# GIANT morels (pic)



## HuntBuckWild (Jan 19, 2012)

Dad told me that he heard rumors of people finding giant morels locally (calhoun county) and said to be on the lookout while turkey hunting. Well yesterday he sent this pic of some my parents found near their home. 
Have you ever seen anything like this?


----------



## fishonjr (Feb 16, 2006)

Many of us find them year in and year out like that...


----------



## Chessieman (Dec 8, 2009)

fishonjr said:


> Many of us find them year in and year out like that...


 Yea, and better looking, we call them "stuffers". My personal biggest was 14" and I was not dreaming.


----------



## Paperboy 1 (Aug 7, 2008)

You're up early John!:yikes: By the looks of those morels, the season is done by Dad...

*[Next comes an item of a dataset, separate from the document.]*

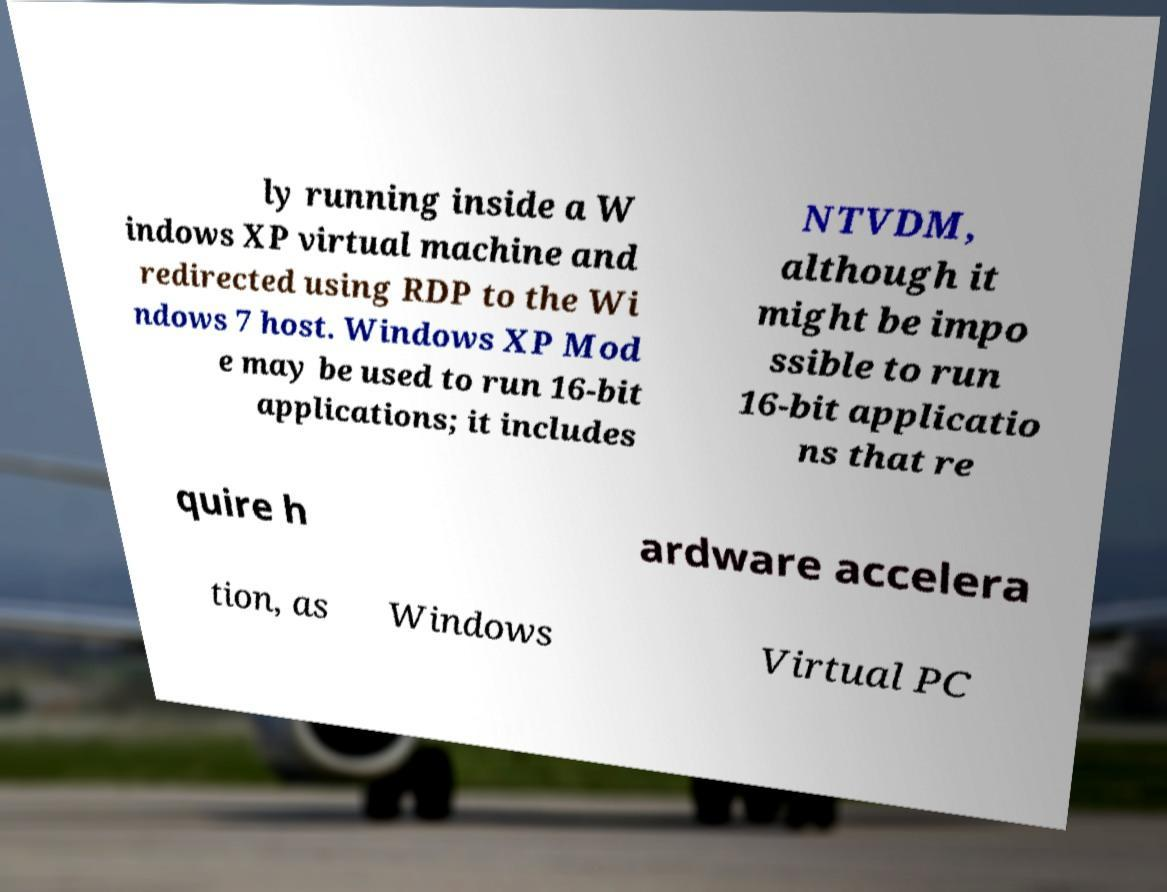I need the written content from this picture converted into text. Can you do that? ly running inside a W indows XP virtual machine and redirected using RDP to the Wi ndows 7 host. Windows XP Mod e may be used to run 16-bit applications; it includes NTVDM, although it might be impo ssible to run 16-bit applicatio ns that re quire h ardware accelera tion, as Windows Virtual PC 
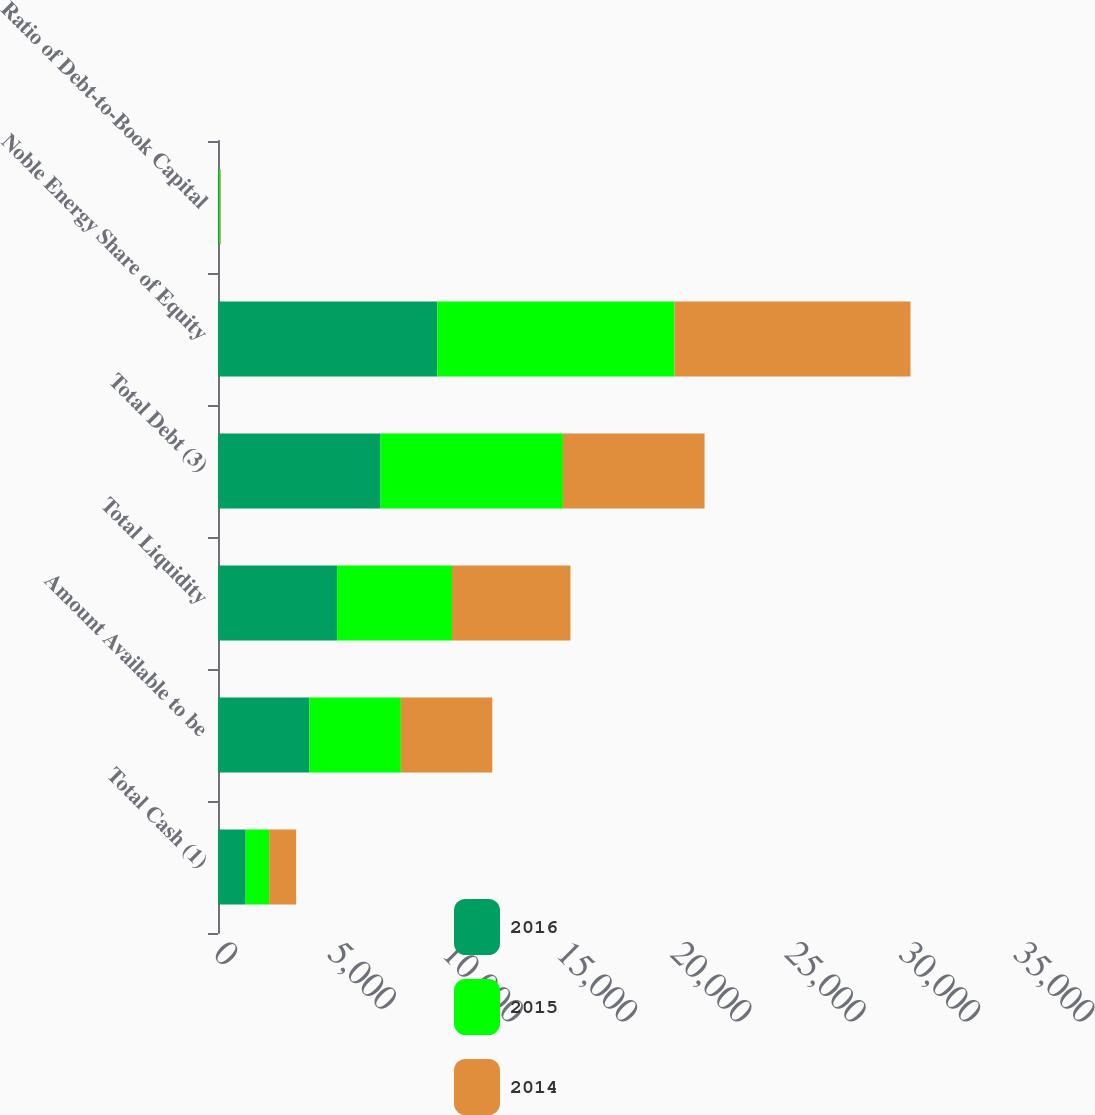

Heading out to kill a turkey this morning and shrooms thereafter. Life is good.


----------



## Lumberman (Sep 27, 2010)

Some would argue those are red morels. Their own sub species.


----------



## laterilus (Mar 18, 2006)

Found 1 last year an inch or so taller than a standard roll of paper towel. But nothing this year yet.


----------



## barry county jim (Jan 16, 2004)

My daughter found this sunday. 12" tall And 12" around.


----------



## DanSS26 (Jul 10, 2008)

Holy friggen cow! I never knew they could get that big!!!!


----------



## RAD FISH (Oct 17, 2006)

barry county jim said:


> My daughter found this sunday. 12" tall And 12" around.



:: OMG its almost bigger than her head. You Know its been a good day shroom'n when you need a UTV with a pickup bed to carry back your morals because there so frig'n huge. Barry Co.?


----------



## Oldgrandman (Nov 16, 2004)

That just great! What a monster. I'd love to find one like that. A meal all by it's self!



barry county jim said:


> My daughter found this sunday. 12" tall And 12" around.


----------



## MAttt (Dec 15, 2004)

*http://www.michigan-sportsman.com/forum/picture.php?albumid=5390&pictureid=34358*

Awsome Jim!
Her smile says it all!


----------